Royal Philips Electronics, with business interests in healthcare, consumer electronics, appliances and lighting segments, has agreed to acquire the Chennai-based appliances brand Preethi, leader with over 25 per cent share in the approximately 48-lakh-unit-a-year mixer-grinder market in India.
The acquisition, for an undisclosed consideration as of now, is to be done through a special purpose vehicle floated by the company.
With almost 40 per cent of its consumer lifestyle sector's sales already derived from emerging markets, the acquisition of Preethi demonstrates Philips' commitment to drive local innovation, including further expanding its industrial and commercial footprint in emerging markets, says a release from Philips.

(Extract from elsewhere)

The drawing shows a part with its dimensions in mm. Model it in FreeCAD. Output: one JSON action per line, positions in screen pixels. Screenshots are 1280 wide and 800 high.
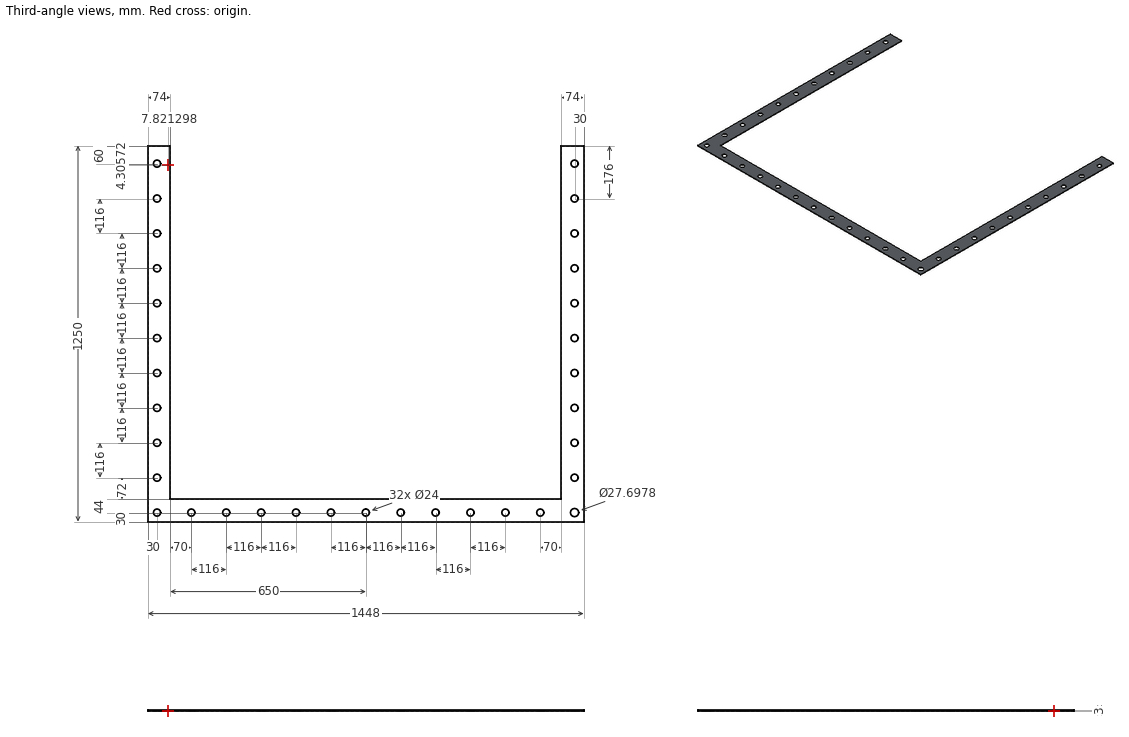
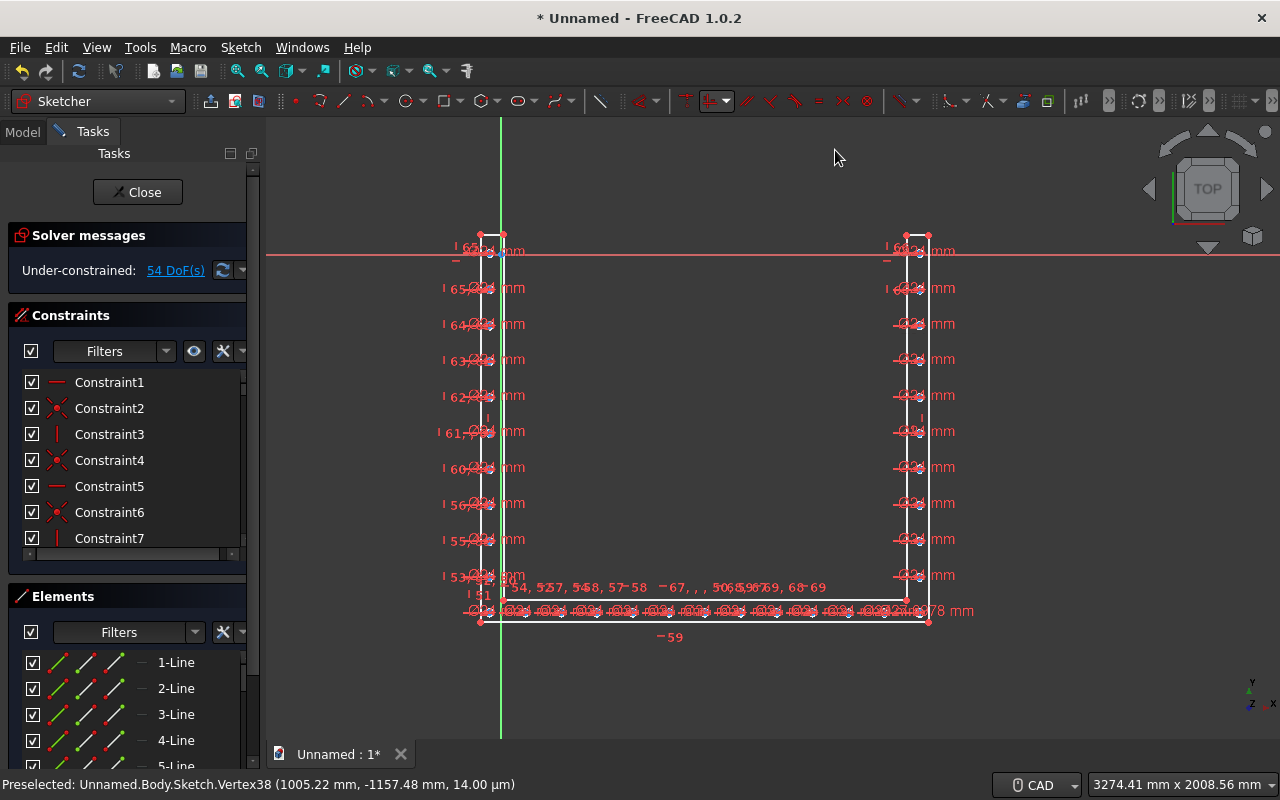
{"action": "left_click", "coordinate": [813, 613]}

“To capture growth in kitchen appliances, we need to intimately understand local consumer needs and deliver the right solutions,” Mr Pieter Nota, Chief Executive Officer of Philips Consumer Lifestyle, is quoted as saying.

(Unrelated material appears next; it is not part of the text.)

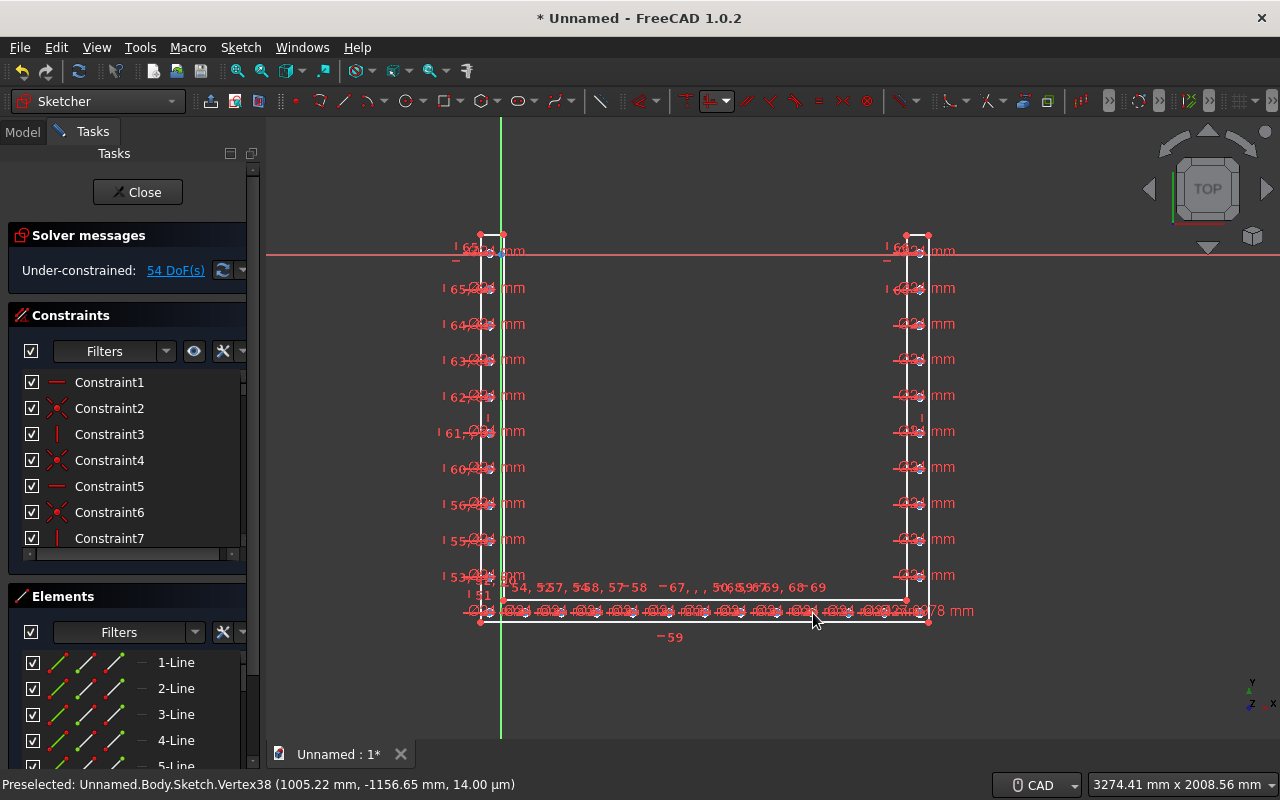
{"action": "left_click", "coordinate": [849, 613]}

“By building on Preethi's unique local knowledge, heritage of quality, and substantial distributor and dealer network, we are well positioned to drive growth in one of the world's most dynamic kitchen appliance markets,” the release adds.
According to Mr T.T. Varadarajan, Chairman and Managing Director of Maya Appliances (owner of the Preethi brand), who will continue to spearhead the new entity, “The combined strength of our two organisations will benefit both our customers and employees.”
Upon closing of this transaction in the next few months, Preethi will become part of the Domestic Appliances Business Group within Philips' Consumer Lifestyle sector.
As of now, though Philips too has a play in the mixer-grinder segment in India, it has to compete with brands such as Panasonic, Butterfly, Maharaja Whiteline, and Kenstar for the remaining share of the market.